Aim of the task:
Repeat all the data that appears below, keeping it exact.

--- Data records Enclosed Below ---

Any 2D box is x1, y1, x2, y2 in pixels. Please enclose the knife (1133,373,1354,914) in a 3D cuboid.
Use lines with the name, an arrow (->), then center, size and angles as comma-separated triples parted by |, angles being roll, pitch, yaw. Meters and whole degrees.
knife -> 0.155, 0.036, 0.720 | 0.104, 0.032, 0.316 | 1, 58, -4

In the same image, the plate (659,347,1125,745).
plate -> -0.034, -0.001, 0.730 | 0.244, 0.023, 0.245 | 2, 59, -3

--- End of Enclosed Data records ---

Exercise response:
Any 2D box is x1, y1, x2, y2 in pixels. Please enclose the knife (1133,373,1354,914) in a 3D cuboid.
Use lines with the name, an arrow (->), then center, size and angles as comma-separated triples parted by |, angles being roll, pitch, yaw. Meters and whole degrees.
knife -> 0.155, 0.036, 0.720 | 0.104, 0.032, 0.316 | 1, 58, -4

In the same image, the plate (659,347,1125,745).
plate -> -0.034, -0.001, 0.730 | 0.244, 0.023, 0.245 | 2, 59, -3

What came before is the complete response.